Wenn ich auf Dienstreise bin, schau ich lieber Serien da drauf.


----------



## Olstyle (15. Dezember 2014)

*AW: Spiele für ein Tablet gesucht ohne Abzocke/Gängelung*

Wenn du mit der nicht soo optimalen Steuerung klar kommst solltest du dir mal ScummVM ansehen. Mit unter anderem BASS gibt es da mittlerweile ein par starke Adventure die von den Entwicklern freigegeben wurden. Wenn du etwa Monkey Island etc. aber eh noch im Schrank hast kannst du auch diese damit auf dem Tablet nutzen.

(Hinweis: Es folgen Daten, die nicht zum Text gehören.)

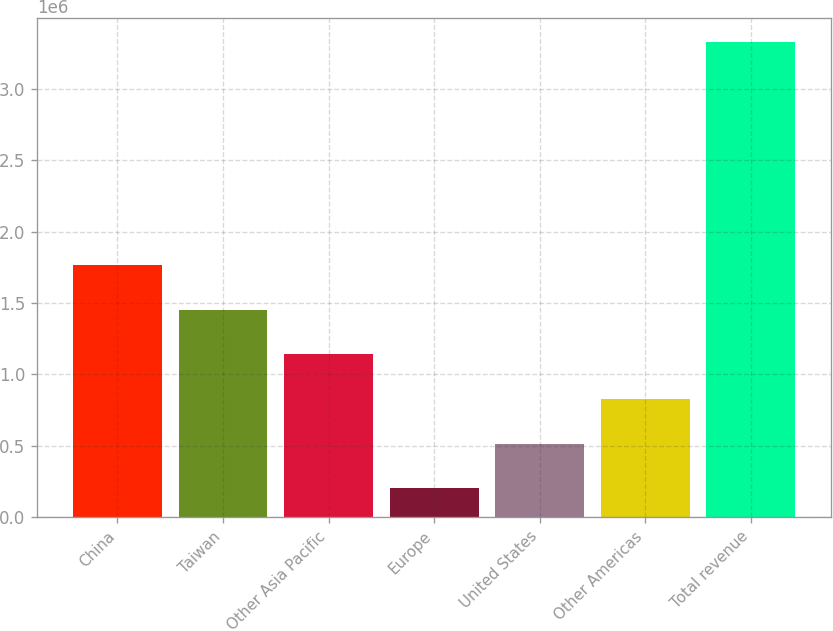Convert chart to OTSL. <chart><loc_0><loc_0><loc_500><loc_500><bar_chart><fcel>China<fcel>Taiwan<fcel>Other Asia Pacific<fcel>Europe<fcel>United States<fcel>Other Americas<fcel>Total revenue<nl><fcel>1.7651e+06<fcel>1.45283e+06<fcel>1.14057e+06<fcel>203760<fcel>516028<fcel>828297<fcel>3.32644e+06<nl></chart>

Auf iOS wurde außerdem gerade mit The Longest Journey eines der besten Adventure überhaupt rereleased. Eine Android Version ist hoffentlich nur eine Frage der Zeit.


----------



## Dwayne1988 (16. Dezember 2014)

*AW: Spiele für ein Tablet gesucht ohne Abzocke/Gängelung*

Danke für die Tips, Tante wird sich sicherlich freuen über ein oder andere Spiel leider sind Laptops mit Single Core Intel Celeron , 512 Ram und Sis 0815 Grafik alles andere als Spiele tauglich deswegen bekam sie halt ein Tablet für Adventure und Puzzle Games.


----------